◆ **WHAT TO WORK ON**:
Search the entries for lines that contain the word "with", and report each one found.

◆ **PROVIDED RECORDS**:
_ _ _

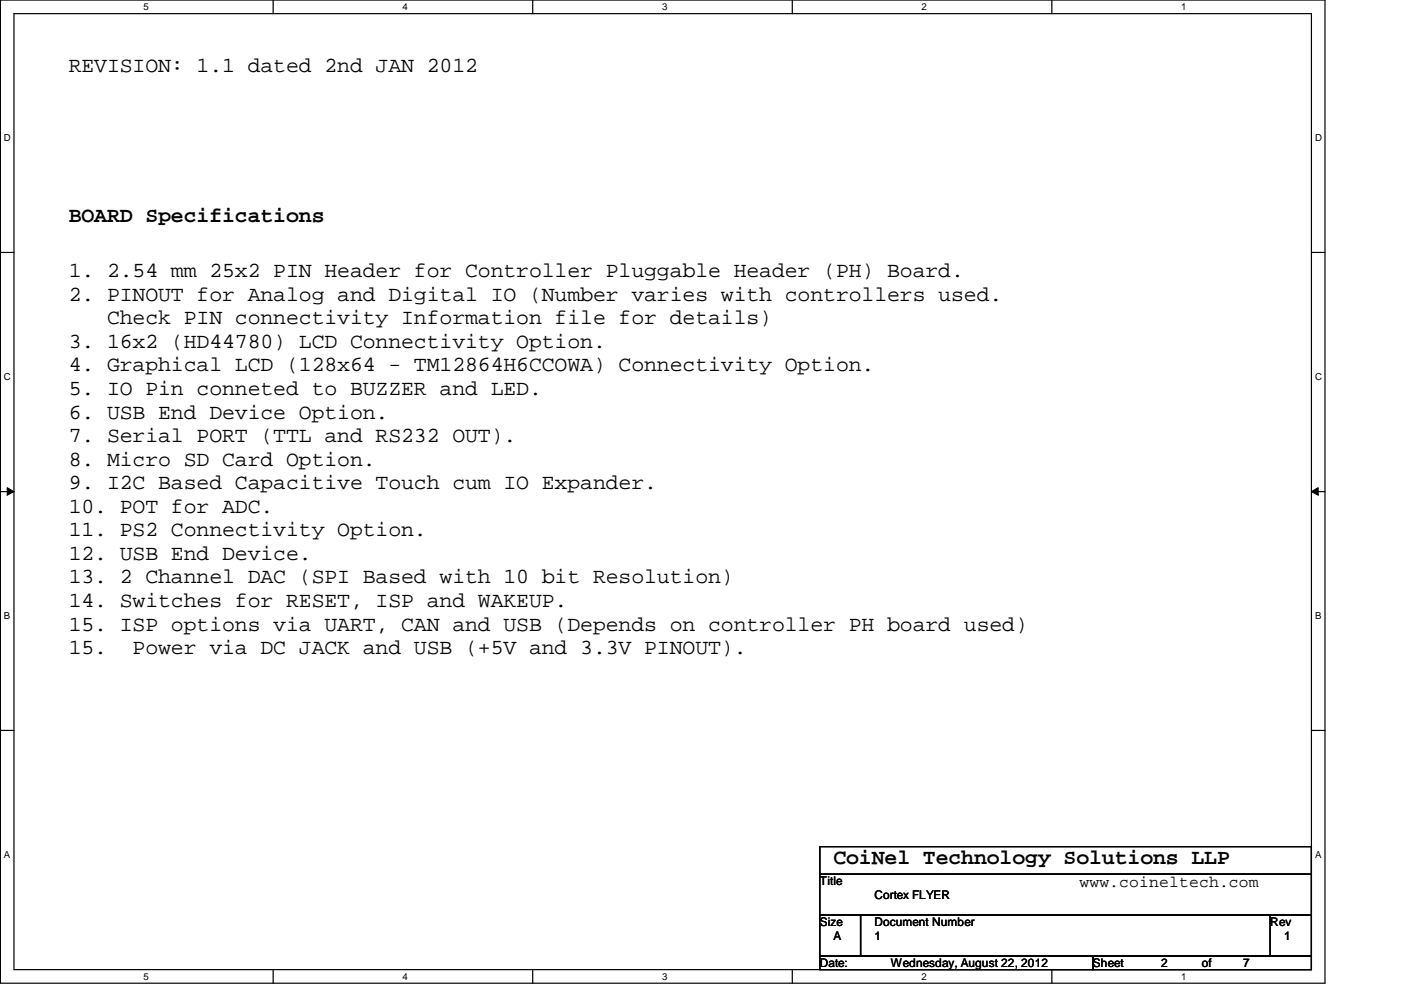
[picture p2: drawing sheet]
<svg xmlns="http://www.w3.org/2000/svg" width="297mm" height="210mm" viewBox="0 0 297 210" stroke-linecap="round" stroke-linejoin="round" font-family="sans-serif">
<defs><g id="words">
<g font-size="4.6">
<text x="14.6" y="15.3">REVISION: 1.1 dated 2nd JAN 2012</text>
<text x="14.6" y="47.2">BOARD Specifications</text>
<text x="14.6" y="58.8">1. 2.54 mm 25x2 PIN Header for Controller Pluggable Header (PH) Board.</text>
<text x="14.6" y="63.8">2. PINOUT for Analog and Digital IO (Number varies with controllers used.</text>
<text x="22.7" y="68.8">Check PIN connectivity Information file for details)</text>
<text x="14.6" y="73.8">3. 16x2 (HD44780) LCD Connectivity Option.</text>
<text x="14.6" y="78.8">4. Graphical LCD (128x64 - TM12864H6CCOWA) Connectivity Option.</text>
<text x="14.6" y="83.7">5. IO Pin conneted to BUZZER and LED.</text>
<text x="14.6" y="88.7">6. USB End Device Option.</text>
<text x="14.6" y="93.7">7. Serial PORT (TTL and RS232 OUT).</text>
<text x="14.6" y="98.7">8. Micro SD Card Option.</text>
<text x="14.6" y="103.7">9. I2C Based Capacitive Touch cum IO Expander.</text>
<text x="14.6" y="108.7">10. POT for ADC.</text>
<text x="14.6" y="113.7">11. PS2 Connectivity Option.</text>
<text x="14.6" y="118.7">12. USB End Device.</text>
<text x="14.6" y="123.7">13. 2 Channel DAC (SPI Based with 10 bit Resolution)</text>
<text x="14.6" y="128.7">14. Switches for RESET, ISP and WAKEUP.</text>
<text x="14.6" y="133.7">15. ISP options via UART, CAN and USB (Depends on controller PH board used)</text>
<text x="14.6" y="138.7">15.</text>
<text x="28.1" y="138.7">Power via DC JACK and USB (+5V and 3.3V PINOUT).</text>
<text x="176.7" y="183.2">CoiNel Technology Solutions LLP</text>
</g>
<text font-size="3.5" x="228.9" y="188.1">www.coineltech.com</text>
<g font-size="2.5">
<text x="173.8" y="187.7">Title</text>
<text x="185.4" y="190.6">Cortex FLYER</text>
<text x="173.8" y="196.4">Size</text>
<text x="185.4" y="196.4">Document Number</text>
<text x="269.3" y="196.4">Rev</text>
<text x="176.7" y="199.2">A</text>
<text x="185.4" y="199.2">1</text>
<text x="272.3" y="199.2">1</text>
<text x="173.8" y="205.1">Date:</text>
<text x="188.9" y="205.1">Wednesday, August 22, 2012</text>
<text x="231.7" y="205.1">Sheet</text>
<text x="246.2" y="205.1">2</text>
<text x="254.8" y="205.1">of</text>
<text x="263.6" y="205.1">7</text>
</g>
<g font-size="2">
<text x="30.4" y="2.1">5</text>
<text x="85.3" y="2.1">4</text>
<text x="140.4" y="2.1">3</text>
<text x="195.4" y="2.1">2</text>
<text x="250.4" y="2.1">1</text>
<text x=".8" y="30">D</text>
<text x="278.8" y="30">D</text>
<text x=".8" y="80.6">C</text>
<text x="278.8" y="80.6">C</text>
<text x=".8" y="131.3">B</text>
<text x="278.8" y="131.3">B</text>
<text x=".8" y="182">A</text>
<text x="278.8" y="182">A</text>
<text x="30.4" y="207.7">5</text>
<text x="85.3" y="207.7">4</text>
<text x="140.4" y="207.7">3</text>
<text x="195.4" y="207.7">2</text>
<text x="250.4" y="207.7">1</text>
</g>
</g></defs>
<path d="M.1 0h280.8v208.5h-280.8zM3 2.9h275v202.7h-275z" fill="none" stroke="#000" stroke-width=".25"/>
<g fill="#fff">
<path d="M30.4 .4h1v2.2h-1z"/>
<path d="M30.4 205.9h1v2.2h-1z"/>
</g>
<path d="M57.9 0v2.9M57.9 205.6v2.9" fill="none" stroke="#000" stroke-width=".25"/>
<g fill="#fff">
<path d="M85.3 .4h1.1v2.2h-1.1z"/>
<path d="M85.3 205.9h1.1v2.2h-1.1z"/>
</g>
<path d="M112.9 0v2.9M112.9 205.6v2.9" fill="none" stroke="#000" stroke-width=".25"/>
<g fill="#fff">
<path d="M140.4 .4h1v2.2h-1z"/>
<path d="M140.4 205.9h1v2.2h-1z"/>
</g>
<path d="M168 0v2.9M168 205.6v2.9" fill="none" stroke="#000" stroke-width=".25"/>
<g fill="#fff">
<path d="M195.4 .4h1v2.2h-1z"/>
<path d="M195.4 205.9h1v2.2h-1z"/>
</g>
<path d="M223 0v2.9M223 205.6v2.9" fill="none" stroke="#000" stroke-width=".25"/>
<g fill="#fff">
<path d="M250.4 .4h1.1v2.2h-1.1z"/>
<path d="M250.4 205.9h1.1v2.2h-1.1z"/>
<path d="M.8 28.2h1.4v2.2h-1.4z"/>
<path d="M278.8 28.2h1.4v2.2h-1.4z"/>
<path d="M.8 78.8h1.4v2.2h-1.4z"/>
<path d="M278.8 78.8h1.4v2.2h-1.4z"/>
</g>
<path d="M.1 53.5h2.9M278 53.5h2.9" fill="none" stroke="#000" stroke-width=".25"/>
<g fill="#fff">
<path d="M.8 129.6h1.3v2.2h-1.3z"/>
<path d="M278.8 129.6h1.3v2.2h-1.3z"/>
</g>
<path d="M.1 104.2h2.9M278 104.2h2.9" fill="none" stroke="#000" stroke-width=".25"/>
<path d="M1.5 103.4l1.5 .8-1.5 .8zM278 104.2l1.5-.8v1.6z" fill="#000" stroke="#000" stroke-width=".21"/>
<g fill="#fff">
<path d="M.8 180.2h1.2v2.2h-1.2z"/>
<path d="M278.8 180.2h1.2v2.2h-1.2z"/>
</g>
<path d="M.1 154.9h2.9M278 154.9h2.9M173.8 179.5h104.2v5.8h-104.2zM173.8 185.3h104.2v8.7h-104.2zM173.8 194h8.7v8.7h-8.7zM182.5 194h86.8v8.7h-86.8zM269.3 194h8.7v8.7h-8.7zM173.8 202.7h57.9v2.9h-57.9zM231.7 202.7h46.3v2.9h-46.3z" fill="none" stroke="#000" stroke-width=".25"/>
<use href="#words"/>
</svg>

_ _ _

◆ **THE COMPLETED TASK**:
<text x="14.6" y="63.8">2. PINOUT for Analog and Digital IO (Number varies with controllers used.</text>
<text x="14.6" y="123.7">13. 2 Channel DAC (SPI Based with 10 bit Resolution)</text>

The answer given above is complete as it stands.